Her mother was quiet for a long, long moment. Nonna, oblivious to the conversation around her, stared blankly at the wall, humming a small tune to herself. At least, Susan thought, the silence was filled with the murmuring sound.
"There's a specialist," her mother spoke at last, her knuckles white as she clutched her utensil, "in America. A clinic. We don't know- I don't know- what's wrong with your father. We have tried all the doctors in this town, GPs, family practitioners… we must now try elsewhere."
Susan's heart sank. How bad was it if her parents were paying all the war to go to America?
As if reading her face, Helen took her daughter's hand gently. "Forgive me, my love, for not telling you.
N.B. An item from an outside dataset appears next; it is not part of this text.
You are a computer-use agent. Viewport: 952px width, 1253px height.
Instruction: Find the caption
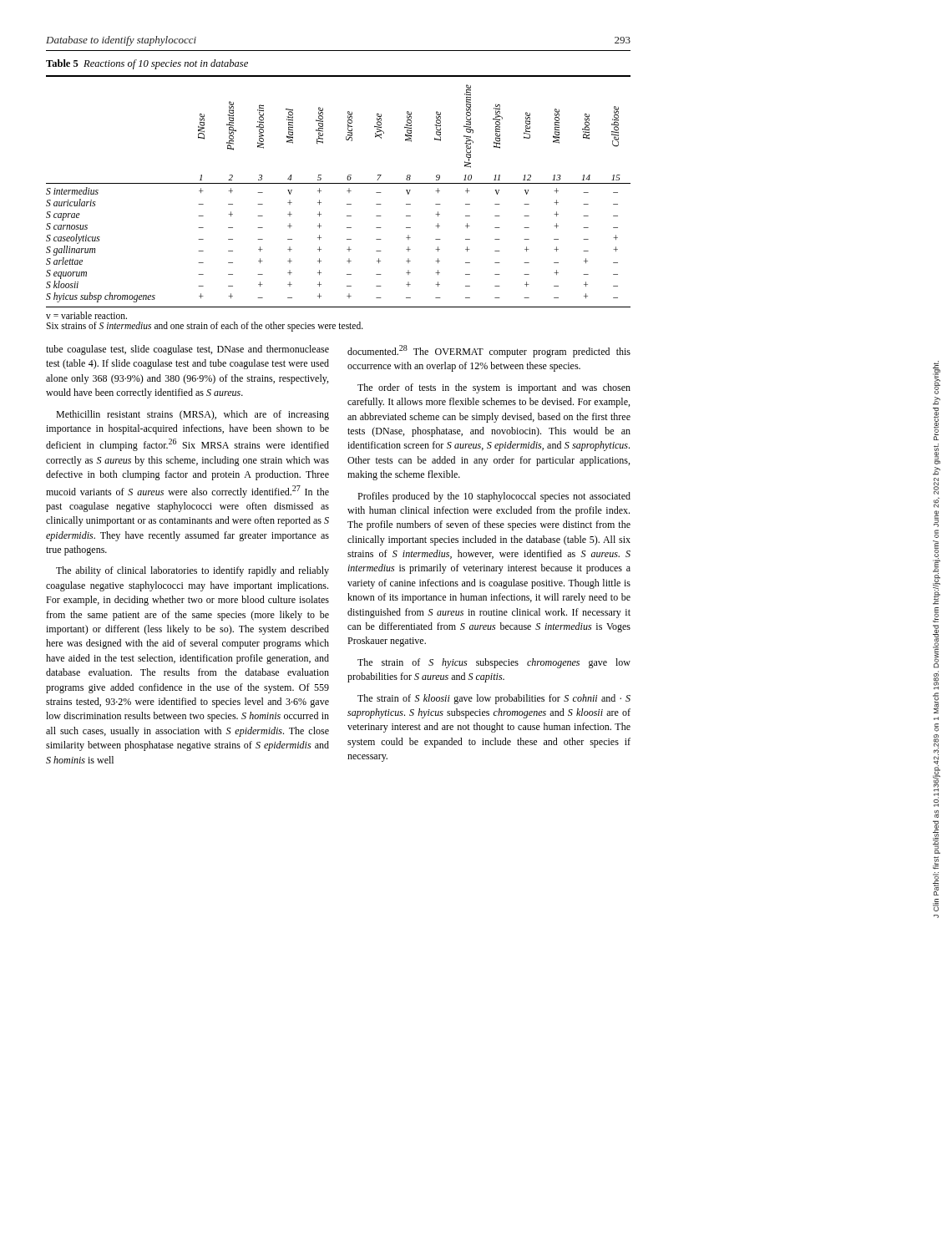[147, 63]
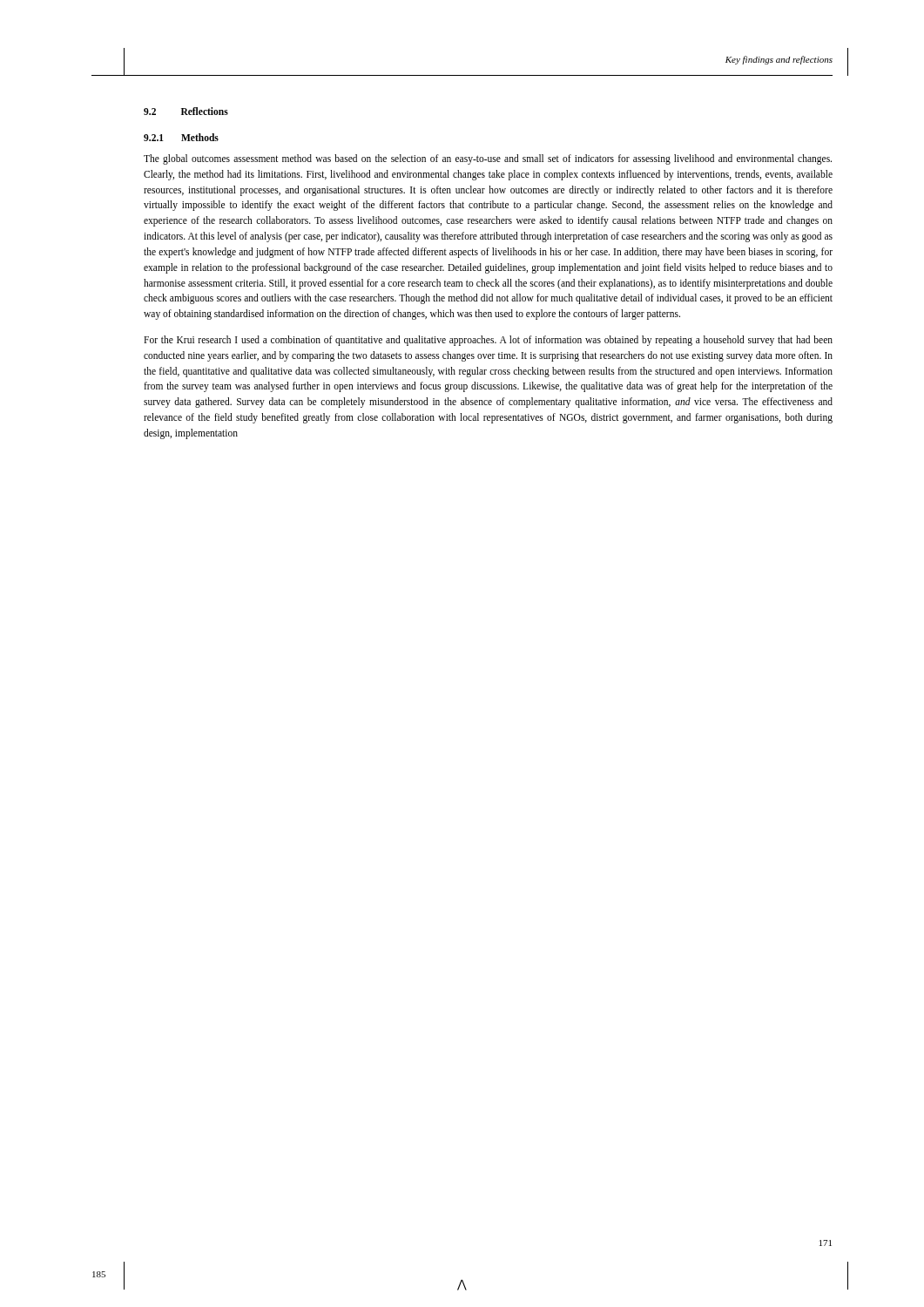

I didn't want to worry you all, because… because it is bad. And everyone in the medical industry has been so busy after the war…"
"It's…" It's alright, she had been about to say. But it wasn't. It wasn't alright. Her mother, sensing her hesitation, withdrew her hand from Susan's and stroked her cheek tenderly.
"I know," Helen murmured, "I know. It's not okay. But you know what… I've a feeling we are going to make it. We are going to be perfectly fine. Yes?"
Susan nodded mutely. She could still feel waves of horror pounding down her spine, and she shuddered in dread.
"Can I ask something of you?" her mother said, brushing back a lock of dark hair from her daughter's face.
"What is it?" Susan asked, suddenly losing her appetite.
"Please… please don't tell the others about this," Helen blurted, breathlessly. "Don't tell your siblings. I don't… we don't want to spoil their holiday with worry. Papa and I will be fine- just, you won't tell them, darling? Promise me?"
"I…" Susan held her breath. It was hard not to confide in her siblings. They had grown so much closer since… since Narnia.
"Okay," she sighed at last, "I won't. Promise."
Her mother smiled sadly at her. "I know it's hard, my love. But it's best for everyone."
As Susan opened her mouth to reply, her father's coughs disrupted the brief pause of peace, followed by a creak of the bed as the ceiling shook slightly above them. Her mother bolted out of her chair, out the room, and disappeared upstairs.
Outside, the street lights lit up the cobblestones, letting golden light bleed through the cracks of water-logged grout, like golden rivulets of blood. The curled shadow of the ash tree at the end of their garden cast a peculiar shaped shadow across the lawn.
She needed to relieve something. Some emotion. Anxiety, for her father. Reproach at her mother, from not telling her. For asking her to keep it a secret from the others. Loneliness, from being away from her siblings for too long. Anger, at the whole situation.
She needed to shoot.
Thwack. The sound of the arrow burying its head into the gnarled tree trunk usually satisfied Susan, its red fletchings stark and bright against the wintery coolness of the air.
Whenever she was lonely, or worried, or bored, she found that practising her aim on the gnarled ash tree at the end of their garden always helped to relieve stress. She was all three of those emotions currently, and yet, none of the fourteen arrows buried deep into the bark's marred surface- all expertly placed within inches of each other- had offered any sort of emotional release.
She growled, strolling to the end of the garden and yanking them out viciously. Enough.
Striding back into the house, she flinched as her father coughed, heaving and hurling upstairs. She couldn't bear to be in this house a moment longer, listening to her father cough and cough and cough, a constant reminder of the price all soldiers had paid in that bloody war.
She needed to get out.
Not bothering calling her mother and informing her she was going out- Susan snatched up her purse, threw on a thick jersey and over jacket, and stormed out the house, out into the night.
Her footprints were covered by the swiftly falling snow, and the lampoles burnt brightly in the distance, towards the bubble and chatter of the market square.
Perhaps there she might find some relief.